Given data
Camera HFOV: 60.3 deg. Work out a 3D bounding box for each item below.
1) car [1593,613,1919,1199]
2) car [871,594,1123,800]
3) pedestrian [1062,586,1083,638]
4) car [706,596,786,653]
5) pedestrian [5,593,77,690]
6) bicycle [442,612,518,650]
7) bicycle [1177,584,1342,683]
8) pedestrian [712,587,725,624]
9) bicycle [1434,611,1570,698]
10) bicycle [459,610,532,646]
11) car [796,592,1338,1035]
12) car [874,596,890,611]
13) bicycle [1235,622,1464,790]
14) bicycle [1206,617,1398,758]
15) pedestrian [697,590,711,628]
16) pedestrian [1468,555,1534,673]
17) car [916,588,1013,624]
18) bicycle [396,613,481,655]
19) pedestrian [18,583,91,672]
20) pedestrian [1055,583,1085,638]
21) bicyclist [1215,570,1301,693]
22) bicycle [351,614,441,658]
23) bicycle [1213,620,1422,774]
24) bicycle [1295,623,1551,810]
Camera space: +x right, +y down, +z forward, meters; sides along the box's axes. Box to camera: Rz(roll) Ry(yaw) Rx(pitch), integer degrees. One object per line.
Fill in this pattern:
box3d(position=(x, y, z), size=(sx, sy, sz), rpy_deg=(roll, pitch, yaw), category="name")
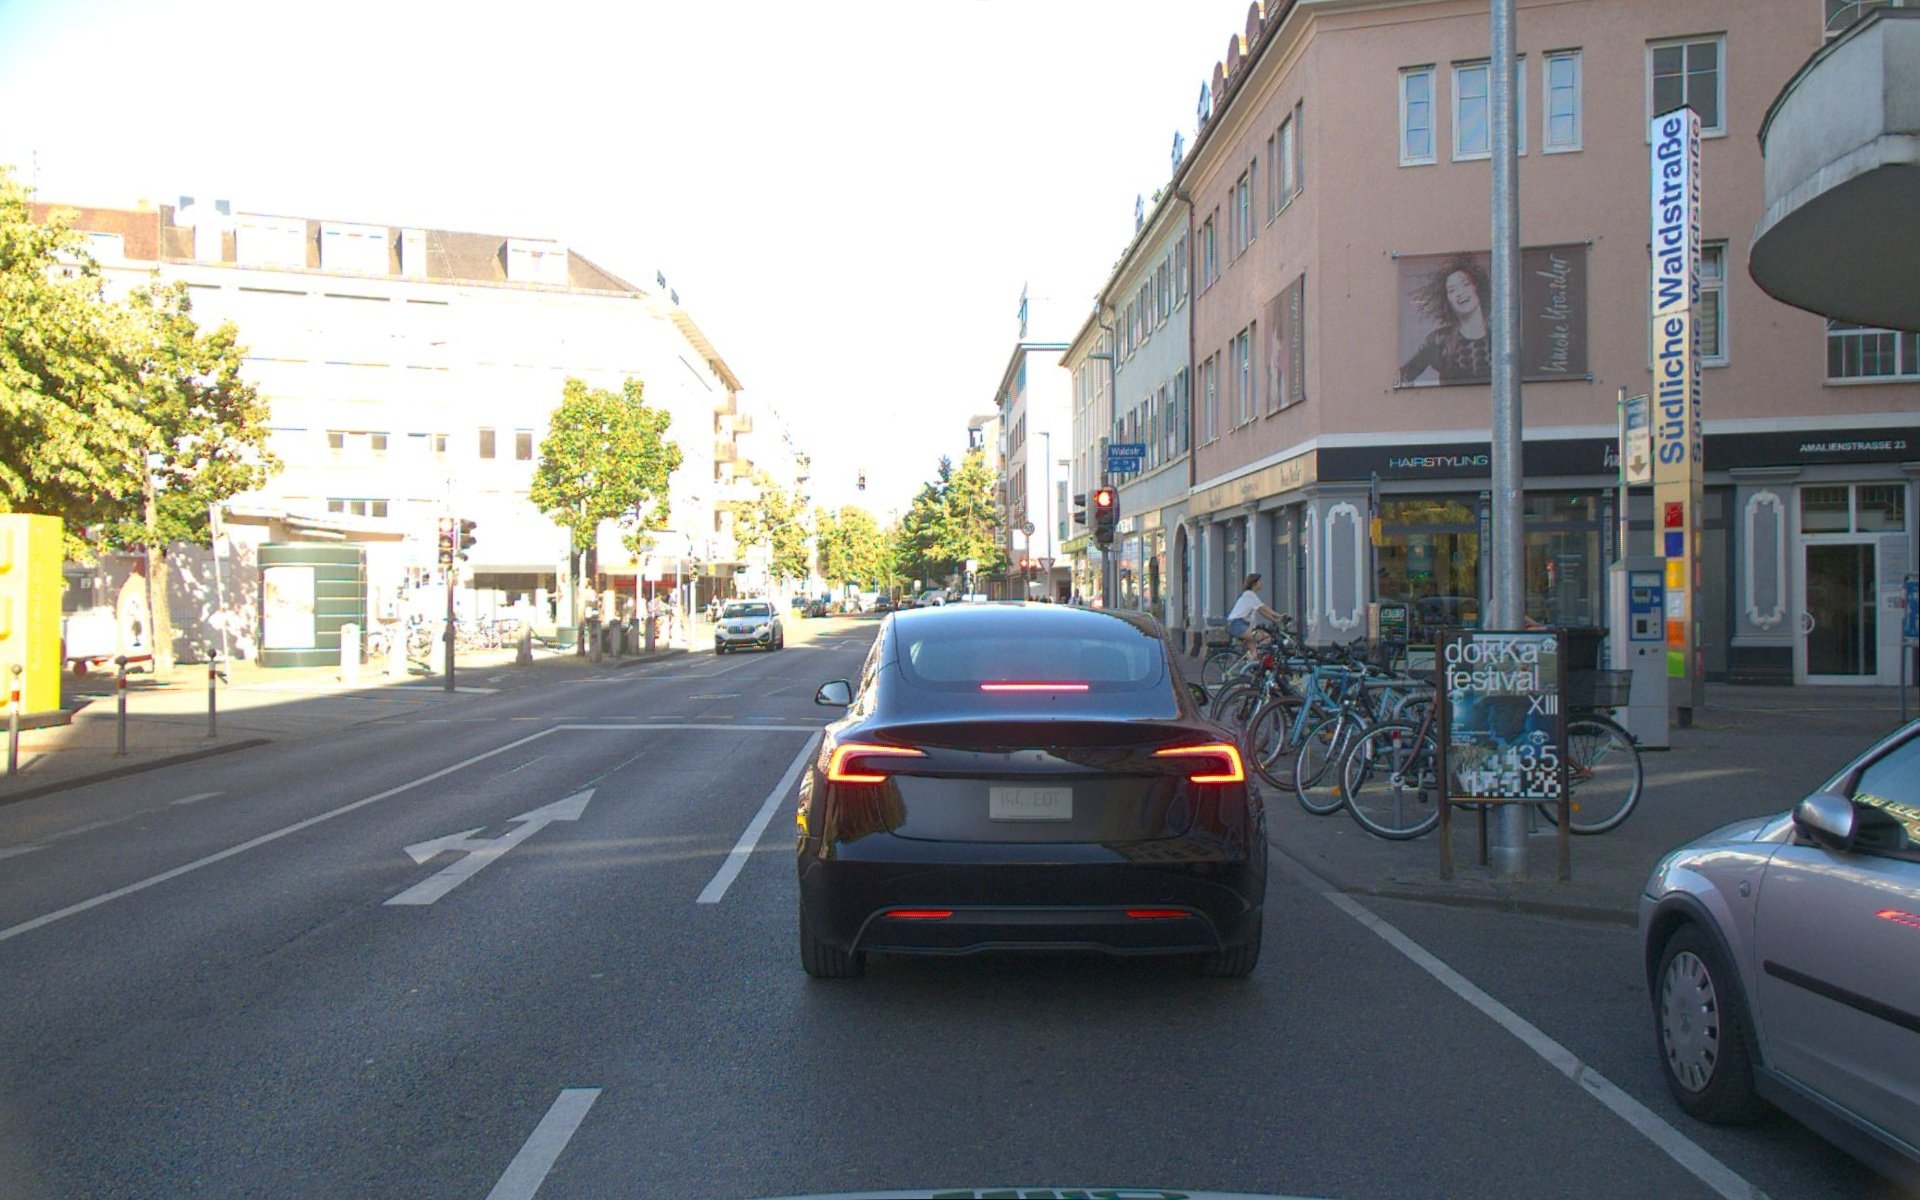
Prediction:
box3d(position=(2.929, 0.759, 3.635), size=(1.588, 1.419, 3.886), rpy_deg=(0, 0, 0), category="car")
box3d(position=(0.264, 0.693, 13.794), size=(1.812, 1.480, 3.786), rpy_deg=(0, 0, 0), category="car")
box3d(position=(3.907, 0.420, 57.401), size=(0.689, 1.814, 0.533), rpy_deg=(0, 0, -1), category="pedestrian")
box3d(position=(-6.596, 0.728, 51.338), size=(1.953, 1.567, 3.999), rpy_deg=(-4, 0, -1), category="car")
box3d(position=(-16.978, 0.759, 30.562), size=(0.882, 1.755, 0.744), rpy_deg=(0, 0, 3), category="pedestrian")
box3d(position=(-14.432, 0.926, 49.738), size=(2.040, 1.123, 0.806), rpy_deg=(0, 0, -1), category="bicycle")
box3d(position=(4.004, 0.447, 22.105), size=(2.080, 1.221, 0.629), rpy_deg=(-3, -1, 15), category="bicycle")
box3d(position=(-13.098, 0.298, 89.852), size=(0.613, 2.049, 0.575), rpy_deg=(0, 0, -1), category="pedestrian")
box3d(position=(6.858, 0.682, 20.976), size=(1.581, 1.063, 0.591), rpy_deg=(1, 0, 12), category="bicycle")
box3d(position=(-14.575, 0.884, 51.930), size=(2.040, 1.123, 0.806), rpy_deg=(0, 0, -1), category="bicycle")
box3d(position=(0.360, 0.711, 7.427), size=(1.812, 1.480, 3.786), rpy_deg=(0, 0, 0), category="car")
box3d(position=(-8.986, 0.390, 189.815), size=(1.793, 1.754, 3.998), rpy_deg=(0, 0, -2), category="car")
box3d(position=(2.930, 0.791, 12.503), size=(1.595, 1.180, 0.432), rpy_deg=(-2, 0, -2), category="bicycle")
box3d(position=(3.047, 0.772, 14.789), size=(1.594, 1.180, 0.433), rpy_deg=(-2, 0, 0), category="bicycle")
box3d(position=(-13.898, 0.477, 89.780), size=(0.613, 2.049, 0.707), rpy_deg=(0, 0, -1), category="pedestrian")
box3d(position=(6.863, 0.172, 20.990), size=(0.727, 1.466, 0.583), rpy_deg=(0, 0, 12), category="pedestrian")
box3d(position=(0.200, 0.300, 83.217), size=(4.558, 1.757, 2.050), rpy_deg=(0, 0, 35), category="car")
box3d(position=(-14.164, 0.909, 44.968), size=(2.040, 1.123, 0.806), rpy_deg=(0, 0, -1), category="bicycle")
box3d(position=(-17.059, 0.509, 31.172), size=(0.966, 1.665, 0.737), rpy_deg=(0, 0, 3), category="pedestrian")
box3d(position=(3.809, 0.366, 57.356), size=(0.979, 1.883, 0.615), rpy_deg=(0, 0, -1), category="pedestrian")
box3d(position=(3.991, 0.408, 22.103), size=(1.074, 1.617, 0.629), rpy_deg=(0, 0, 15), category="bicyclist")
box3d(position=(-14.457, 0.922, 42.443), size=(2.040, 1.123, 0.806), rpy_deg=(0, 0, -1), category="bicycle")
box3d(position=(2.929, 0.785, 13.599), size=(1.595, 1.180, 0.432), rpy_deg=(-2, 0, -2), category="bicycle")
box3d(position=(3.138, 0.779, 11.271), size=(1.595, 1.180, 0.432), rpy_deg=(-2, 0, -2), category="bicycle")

---

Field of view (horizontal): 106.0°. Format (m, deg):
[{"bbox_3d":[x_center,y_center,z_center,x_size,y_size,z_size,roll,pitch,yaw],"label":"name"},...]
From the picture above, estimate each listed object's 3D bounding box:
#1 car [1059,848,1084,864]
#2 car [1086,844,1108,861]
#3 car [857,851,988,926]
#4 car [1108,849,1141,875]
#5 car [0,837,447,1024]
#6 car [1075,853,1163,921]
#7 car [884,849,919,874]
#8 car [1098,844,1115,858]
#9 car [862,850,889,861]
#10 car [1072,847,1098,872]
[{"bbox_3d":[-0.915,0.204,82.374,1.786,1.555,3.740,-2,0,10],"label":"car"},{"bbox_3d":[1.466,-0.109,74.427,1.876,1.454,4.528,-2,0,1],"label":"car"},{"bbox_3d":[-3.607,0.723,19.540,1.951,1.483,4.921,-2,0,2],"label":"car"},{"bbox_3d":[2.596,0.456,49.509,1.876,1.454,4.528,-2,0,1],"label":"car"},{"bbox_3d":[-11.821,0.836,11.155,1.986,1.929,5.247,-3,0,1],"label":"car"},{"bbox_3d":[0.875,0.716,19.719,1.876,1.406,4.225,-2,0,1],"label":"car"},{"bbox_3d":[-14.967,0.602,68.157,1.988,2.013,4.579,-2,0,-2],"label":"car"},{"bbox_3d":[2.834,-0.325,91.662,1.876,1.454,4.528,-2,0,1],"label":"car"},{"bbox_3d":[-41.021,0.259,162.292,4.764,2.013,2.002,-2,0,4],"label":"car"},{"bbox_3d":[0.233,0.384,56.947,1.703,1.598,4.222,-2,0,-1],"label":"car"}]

==

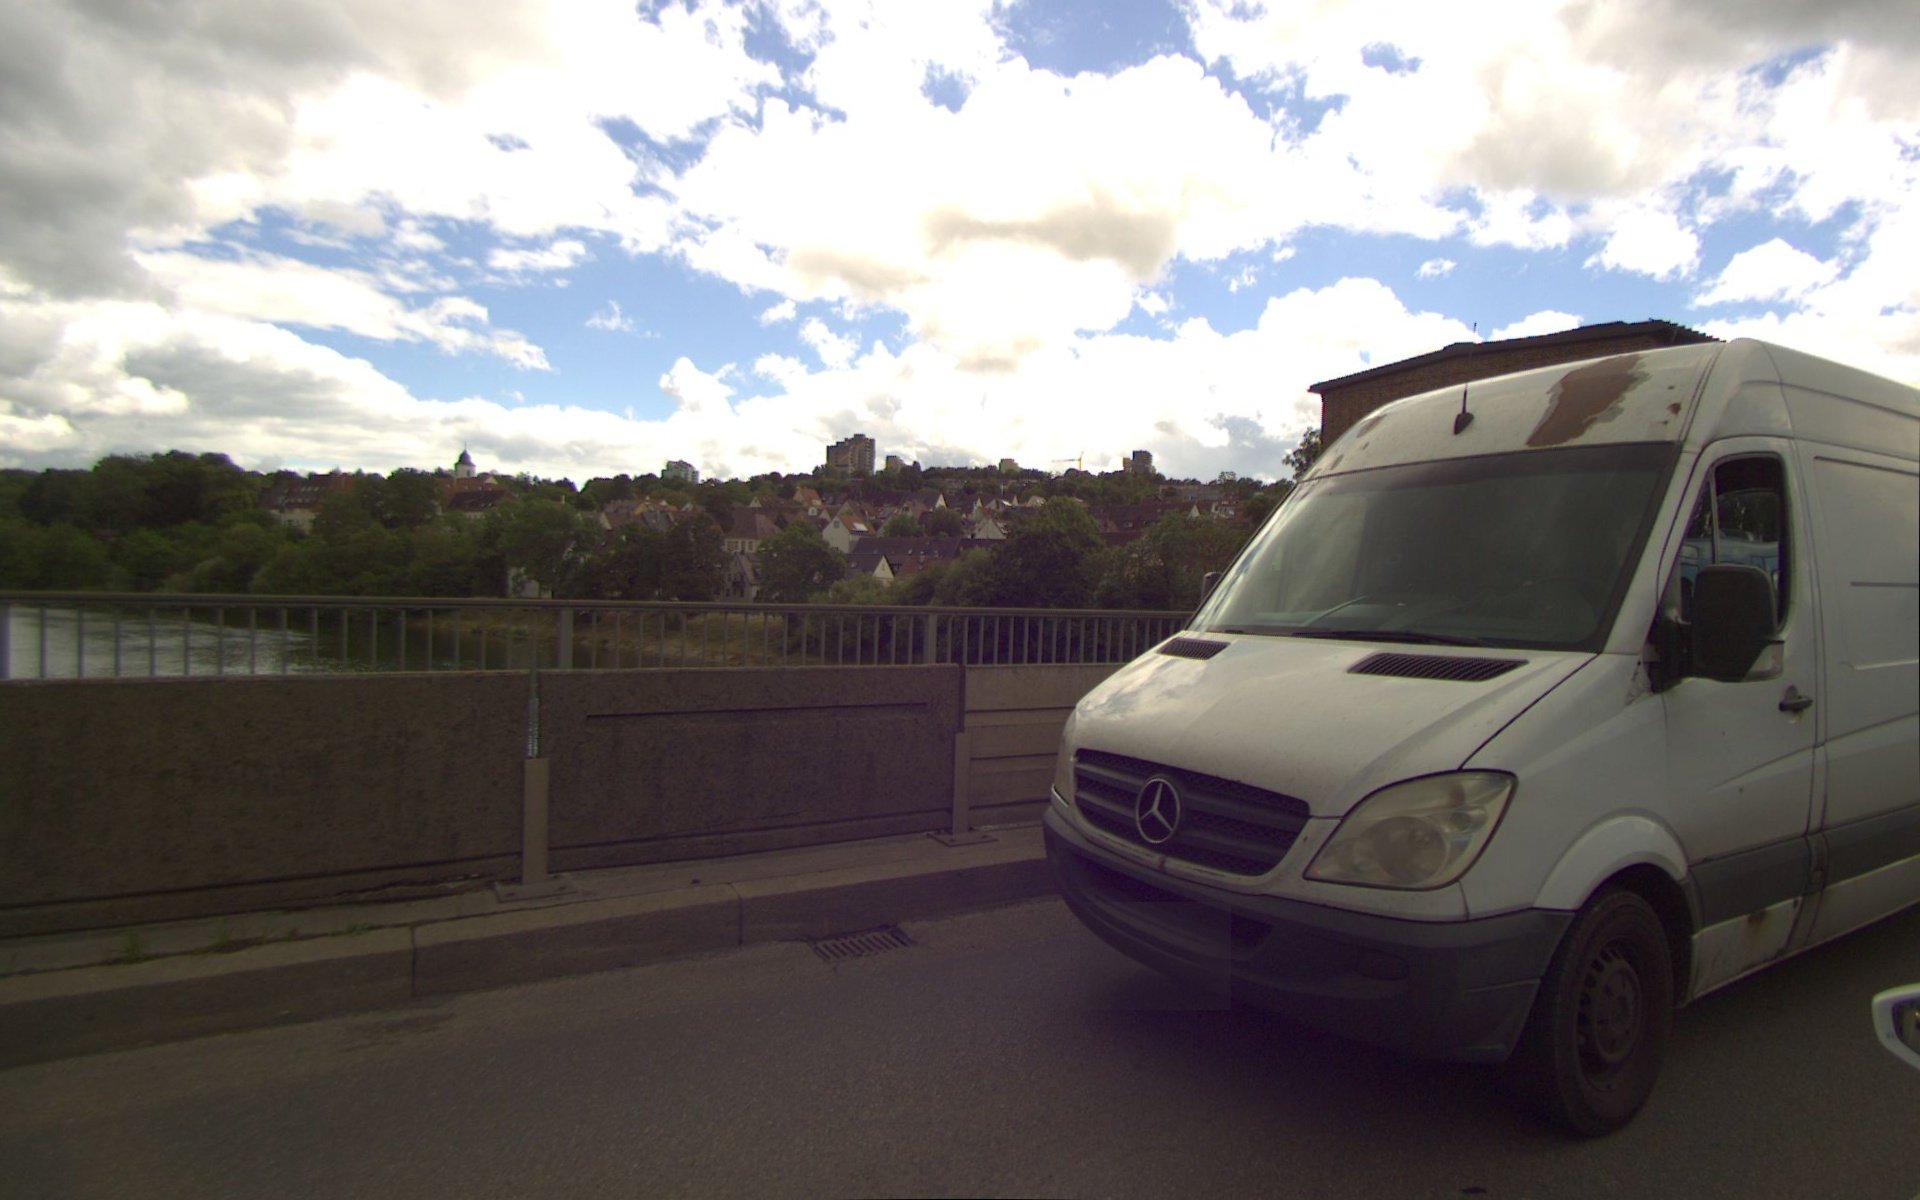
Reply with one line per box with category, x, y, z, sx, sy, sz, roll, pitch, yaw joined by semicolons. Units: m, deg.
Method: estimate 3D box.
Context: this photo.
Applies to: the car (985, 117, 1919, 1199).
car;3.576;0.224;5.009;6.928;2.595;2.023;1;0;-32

Task statement
Your answer must consist solely of the lines above between the line holding "Camera HFOV: 60.3" and the line holding "9) bicycle [1434,611,1570,698]", inclusive, copied exactly.

Written answer
Camera HFOV: 60.3 deg. Work out a 3D bounding box for each item below.
1) car [1593,613,1919,1199]
2) car [871,594,1123,800]
3) pedestrian [1062,586,1083,638]
4) car [706,596,786,653]
5) pedestrian [5,593,77,690]
6) bicycle [442,612,518,650]
7) bicycle [1177,584,1342,683]
8) pedestrian [712,587,725,624]
9) bicycle [1434,611,1570,698]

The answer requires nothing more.